Yesterday the National Venture Capital Association (NVCA) – in conjunction with Thomson Reuters and PricewaterhouseCoopers – released 1Q12 funding data for the VC industry, and frankly the numbers are startling – but yet in some sense, upon reflection, not surprising. For the quarter there were 758 deals which raised $5.8BN, which was down 19% on a dollars basis and down 15% for deals from 4Q11. If you were wondering, these levels are down 13% (dollars) and 12% (deals) when compared to 1Q11.
The VC industry is contracting and consolidating swiftly, but oddly the amounts invested have been tracking meaningfully ahead of the dollars raised by VC firms. The graph below shows that the lines have been diverging for nearly four years – this won’t end well. Clearly the dramatic reduction in amounts invested in this past quarter suggest that the lines may now be starting to converge – at a minimum trending downwards and will probably settle at meaningfully reduced levels, perhaps as low as $12 – $15BN per year for both amounts raised and invested. Ironically they may still not converge as the VC industry struggles to raise capital.
As I studied the data this weekend I observed a number of other important themes which entrepreneurs should be mindful of as they consider raising capital.
- Even the Software category was soft in 1Q12 – $1.6BN across 231 deals which was down 18% in dollar terms from last quarter (average size ~$7MM per financing)
- Biotech took it on the chin – $780MM invested in 99 deals which is down 43% in dollar terms and down 14% in number of deals from last quarter (average size ~$7.9MM)
- Cleantech was not saved from the downdraft either – $951MM across 73 deals which was down 30% dollar terms and down 11% in number of deals from prior quarter
- Even Semi’s were not spared, down 43% in dollar terms quarter-over-quarter
Clearly as the VC’s invests fewer dollars in any given quarter, most categories will be down. What is most striking is the continued and strong rotation away from industries that have significant scientific and regulatory risks, and are also characterized by long times to generate investor returns. Notwithstanding popular opinion, VC’s aren’t dummies.
Other observations around stage are also notable.
- Late Stage investing was up 11% this quarter and represented 40% of all deals. Clearly there is a rotation to opportunities nearer to liquidity, which most funds need to show in order to raise new funds. There was $2.3BN invested in 208 Late Stage companies this past quarter which was consistent with the $2.4BN and 234 deals in 1Q11.

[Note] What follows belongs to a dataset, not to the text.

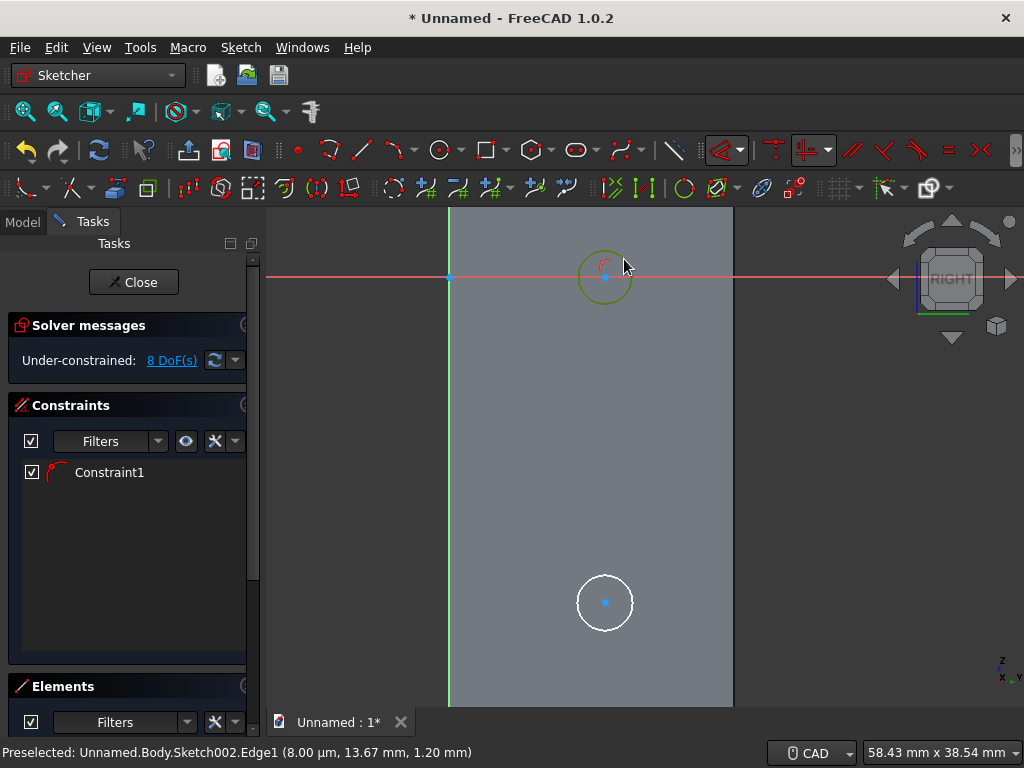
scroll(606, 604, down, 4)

- “End of the Great Seed Experiment” which is something I have been saying for the better part of a year – there was only $141MM invested in 53 deals in 1Q12 (admittedly I think that number is under-reported) as compared to $156MM and 90 deals in 4Q11 and strikingly to the $211MM and 86 deals in 1Q11. I have been on this thread for some time; that is, the VC industry is at risk of having created too many “me too” companies, and with less capital to invest across the board, many seed entrepreneurs will be deeply saddened when they come back to market for their Early round…
- Softness in Early rounds – $1.6BN was invested in 290 companies which were materially down from $2.3BN and 382 deals in 4Q11 (and somewhat so from 1Q11 – $1.8BN and 320 deals). VC’s over the last few quarters went very early (how many “seed programs” were started?!?) and now they are going later to either support existing portfolio companies or buying pre-liquidity companies.

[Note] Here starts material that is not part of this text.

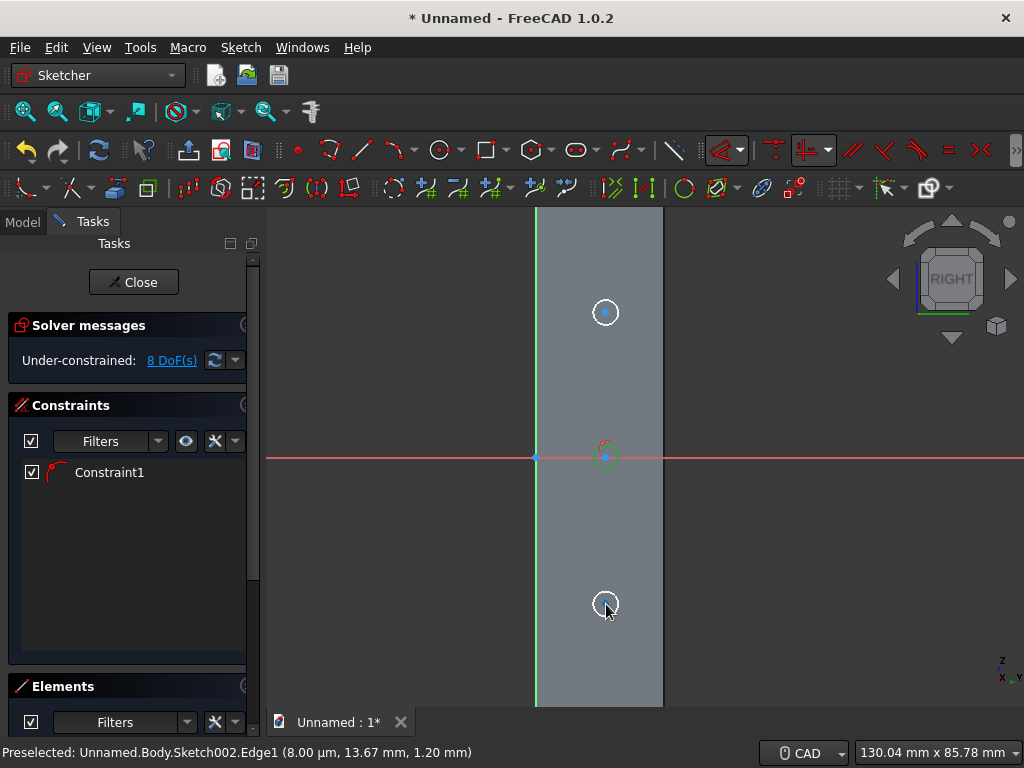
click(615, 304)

The geography debate also grinds on with some surprising data in 1Q12. Of course the Valley still dominated – not newsworthy – but there was some hint of re-ordering of the silver and bronze winners.
- The Valley saw $2.1BN invested (36% of national total) in 213 deals (28% of total) which is interesting when you see that California in total was $3BN in 294 deals. Interestingly in 4Q11 the Valley witnessed $3.3BN (46% of total) in 289 deals (and $2.7BN in 251 deals in 1Q11). Surprised by the “percent of total” data, which probably bears watching more closely.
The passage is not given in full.